Thinking outside of the box with Jocalyn Clark, The Lancet

About the series: As a celebration of one year since launching PH SPOT, we are releasing a blog series titled “Thinking outside of the box: inspiring the next generation of public health professionals”. To view the entire series, click here.

I came across Jocalyn Clark when I saw a tweet that The Lancet was launching a Canada Series earlier this year. When I dug into the new series a bit more, Jocalyn’s name came up (she’s an Executive Editor for The Lancet; and also a Canadian!). I was so impressed with her public health career, that I had to find a way to include her in the Thinking Outside of the Box series to share her story!

For those not familiar with The Lancet, it is a medical journal founded in 1823, and known to be one of the world’s oldest and best known general medical journals.

It’s not a surprise that Jocalyn’s story is well written (makes me want to read more of her story, written in her own voice), thought provoking, and not to mention very inspiring. I hope you enjoy this piece as much as I did!

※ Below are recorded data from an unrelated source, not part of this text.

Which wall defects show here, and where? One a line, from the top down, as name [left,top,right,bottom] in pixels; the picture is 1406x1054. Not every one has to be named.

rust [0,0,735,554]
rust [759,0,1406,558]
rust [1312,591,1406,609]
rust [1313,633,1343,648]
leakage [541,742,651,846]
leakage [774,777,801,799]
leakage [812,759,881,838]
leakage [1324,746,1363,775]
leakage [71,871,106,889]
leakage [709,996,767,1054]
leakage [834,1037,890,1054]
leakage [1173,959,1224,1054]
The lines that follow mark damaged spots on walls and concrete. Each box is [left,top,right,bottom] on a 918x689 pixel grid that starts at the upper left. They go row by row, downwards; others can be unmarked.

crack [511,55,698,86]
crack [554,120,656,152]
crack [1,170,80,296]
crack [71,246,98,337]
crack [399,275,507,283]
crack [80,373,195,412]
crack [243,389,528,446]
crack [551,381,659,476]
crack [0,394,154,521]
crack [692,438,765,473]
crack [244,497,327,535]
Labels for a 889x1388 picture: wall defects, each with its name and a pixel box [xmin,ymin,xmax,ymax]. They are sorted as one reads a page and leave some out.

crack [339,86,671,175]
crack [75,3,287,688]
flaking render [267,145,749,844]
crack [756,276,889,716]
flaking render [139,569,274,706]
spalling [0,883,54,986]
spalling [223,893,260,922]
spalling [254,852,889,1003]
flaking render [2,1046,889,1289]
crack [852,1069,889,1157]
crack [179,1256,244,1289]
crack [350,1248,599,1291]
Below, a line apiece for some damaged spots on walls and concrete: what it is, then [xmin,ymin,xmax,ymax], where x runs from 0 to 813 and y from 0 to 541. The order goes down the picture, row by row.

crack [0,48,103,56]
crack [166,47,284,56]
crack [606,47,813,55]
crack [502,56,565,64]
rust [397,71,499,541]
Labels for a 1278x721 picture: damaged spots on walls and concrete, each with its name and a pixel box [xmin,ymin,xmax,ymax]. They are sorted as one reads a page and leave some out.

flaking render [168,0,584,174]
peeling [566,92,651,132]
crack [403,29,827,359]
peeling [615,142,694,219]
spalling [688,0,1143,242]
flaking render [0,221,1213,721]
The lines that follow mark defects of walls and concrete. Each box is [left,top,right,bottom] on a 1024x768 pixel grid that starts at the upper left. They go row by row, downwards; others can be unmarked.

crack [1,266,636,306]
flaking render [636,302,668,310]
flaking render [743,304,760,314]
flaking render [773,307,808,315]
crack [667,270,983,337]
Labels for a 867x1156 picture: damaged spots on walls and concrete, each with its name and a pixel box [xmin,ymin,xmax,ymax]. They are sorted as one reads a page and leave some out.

Inspiring the next generation of public health professionals, with Jocalyn Clark

PERSONAL

Have you always wanted to pursue a career in public health? Can you tell us a bit about your journey
into this field?

I started university in biochemistry and microbiology, with an eye on a medical career, but then got distracted by infectious diseases! – in particular, trypanosomiasis and HIV and other mostly neglected tropical diseases that disproportionately affect people living in the developing world. The causes of these seemed to me social rather than biological, which ignited my sociological imagination and led me to pursue graduate studies in public health. For both my MSc and PhD in public health sciences I have a minor in women’s studies. I didn’t intend to combine my scientific training with an editorial career, but I’m glad that serendipity and curiosity led me here.

As the Executive Editor at The Lancet, what does a day at work look like for you?

In the Lancet’s London offices we tend to keep media hours – 10am to 6pmish – so for an early bird like me that means first thing I get some quiet at the office or I hit the gym. Then, the day is full of editorial meetings where we discuss manuscripts, peer reviews, strategy, and the editorials we plan to write that week; I review and approve the commentary section for our print pages; basically I read, write, edit, repeat. On Thursdays they feed us so the editors across all 13 journals sit together over lunch and read manuscripts, and most weeks I have some type of event, presentation, or travel, which connects me with our audience of academics, clinicians, and policymakers. Continually putting a weekly journal together for publication is hectic – my main goal during the day is to stay calm. I never have enough time and I always have too many emails. But every day is different, stimulating, and reminds me I have the best job in the world. I counteract the sitting disease that comes from a desk job by undertaking as much exercise as possible.

Can you tell us a bit about The Lancet Canada Series that recently launched?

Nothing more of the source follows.